Kekasihku, Asisten Adikku

Kekasihku, Asisten Adikku
Hujan Dan Dinginnya


__ADS_3

Keadaan tidak berubah meski waktu telah berganti dengan begitu cepatnya. Masih sering bertengkar dan saling adu urat, tetapi tak jarang pula, mereka saling melempar kepedulian dan perhatian.


“Aku akan menjemputmu jam lima sore,” begitu bunyi pesan yang Excel kirimkan pada Naja siang tadi. Excel bersikukuh mengantarkan Naja belanja kebutuhan rumah tangga mereka, meski Naja menolak. Sejak kejadian terakhir kali, Excel memang sedikit berubah sikapnya, setidaknya pipinya yang semulus porselen itu menampakkan kerutan. Ia sering tersenyum dan bicara, walaupun bicaranya hanya untuk membuat Naja kesal. Sedangkan sikap memaksa dan ketus sepertinya sudah mendarah daging. Apalagi tatapan yang selalu membuat napas Naja tercekat saking horornya, sepertinya akan selalu menjadi teror tersendiri dalam hidup Naja.


Lima kurang lima belas menit, Naja sudah menyandang tas di punggungnya setelah mengirimi Excel pesan yang mengatakan dirinya telah siap. Ruangan ini nyaris kosong, hanya ada dua buah patung manekin yang dilapisi helaian potongan kain yang baru saja Naja gunakan sebagai model untuk bajunya sendiri dan Excel tentunya. Ya, dia akan mendampingi suaminya itu pada saat menghadiri pernikahan salah satu rekan kerjanya akhir bulan ini. Tentu saja, Naja ingin tampil sebaik mungkin agar tak membuat suaminya itu malu.


Pukul lima tepat, Naja memutuskan untuk memesan taksi online untuk mengantarkannya ke sebuah pusat perbelanjaan. Terlebih, Excel tidak membaca pesan yang terkirim lima belas menit lalu. Sepi sekali rumah mode Sam yang memang hanya buka di siang hari ini. Hujan membawa angin basah yang terasa dingin menembus sweater yang dikenakan Naja. Kilat dan petir saling beradu di langit terkadang membuat Naja menutup telinga saking kerasnya ledakan petir itu.
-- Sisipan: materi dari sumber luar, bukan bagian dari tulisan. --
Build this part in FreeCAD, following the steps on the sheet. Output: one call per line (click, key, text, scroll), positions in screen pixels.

“Cel ... apa kau masih lama?” Naja kembali mengirim pesan kepada Excel. Petang kian menggelap, baik taksi maupun Excel tidak juga menampakkan ujung mobilnya di depan Naja. Jujur Naja takut, apalagi hujan tampaknya enggan berhenti. Sabtu malam dan Naja yang seharusnya kini sudah berada di rumah memeluk guling dan membalut tubuhnya dengan selimut yang hangat.
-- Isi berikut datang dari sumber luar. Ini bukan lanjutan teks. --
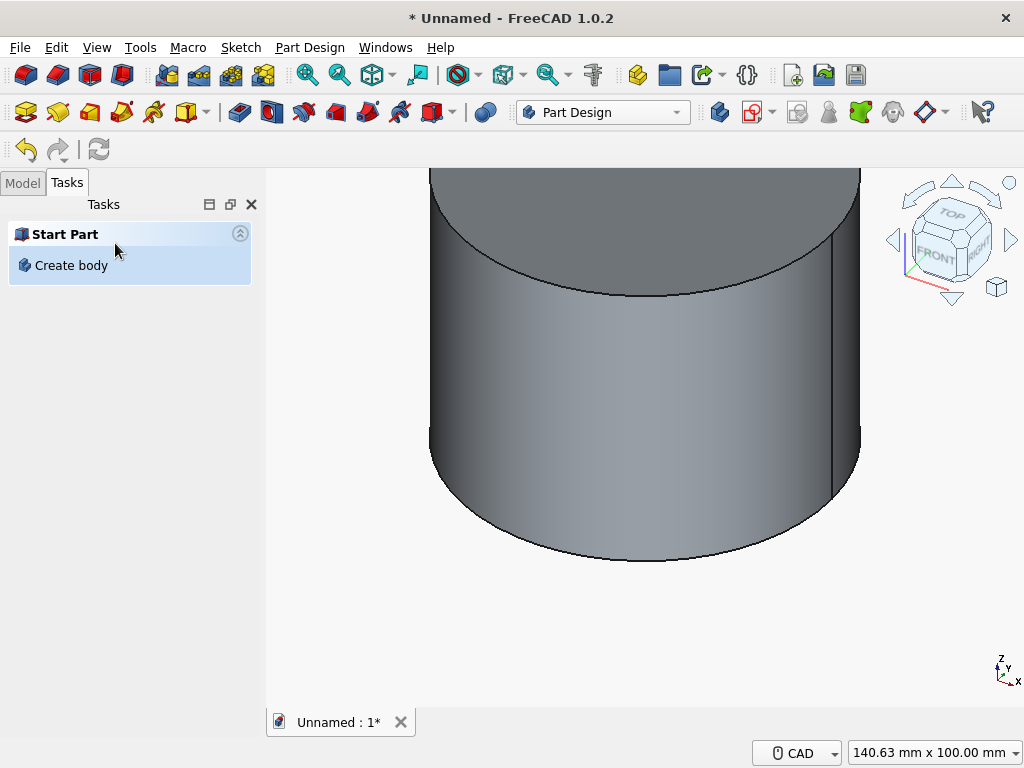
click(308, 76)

Naja mengamati sekitar, tetapi tidak ada yang bisa ia pakai untuk sekedar mendekat ke pos satpam. Di sana setidaknya ada orang yang bisa diajaknya berbicara atau meminjam payung untuk berjalan ke halte bus terdekat. Naja mengembuskan napasnya, tampaknya ia tak punya pilihan selain membiarkan dirinya kehujanan. Meletakkan tangannya di atas kepala, Naja berlari melintasi halaman di tengah kilatan petir yang menggelegar dan tetes hujan yang semakin rapat menimpa bumi.


“Pak ... apa ada payung?” tanya Naja sembari mengulurkan kepalanya ke dalam pos yang menguarkan aroma asap rokok yang pekat. Pria di dalam sana sedang asyik menatap layar televisi ditemani secangkir kopi hitam yang masih mengepulkan asap.


Si satpam menoleh dengan membawa keterkejutannya. “Lho, Mbaknya belum pulang?” tanya satpam itu sedikit tidak percaya pada penglihatannya. Seingatnya tidak ada satupun kendaraan di tempat parkir sehingga ia mengira semua karyawan telah pulang dan menutup gerbang.


“Ini baru mau pulang ... dan saya mau pinjam payung, Pak. Ada?"


“Naik apa, Mbak? Kalau naik motor, di depan jalanan tergenang air karena selokan tersumbat, motornya bisa mati, Mbak.” Satpam itu bangkit dari duduknya yang tampak nyaman, ia berjalan ke belakang lemari yang menjadi pembatas dengan ruang di belakangnya. “Ini, Mbak ....”


Sebuah payung berwarna hitam terulur ke arah Naja yang langsung di sambarnya, “Makasih Pak, akan saya kembalikan hari Senin,” Sedikit menundukkan kepalanya, Naja berbalik meninggalkan pos satpam.


“Hati-hati di jalan, Mbak,” si satpam tampak khawatir, ia mendongak menatap langit yang makin deras mengguyurkan hujannya ke bumi.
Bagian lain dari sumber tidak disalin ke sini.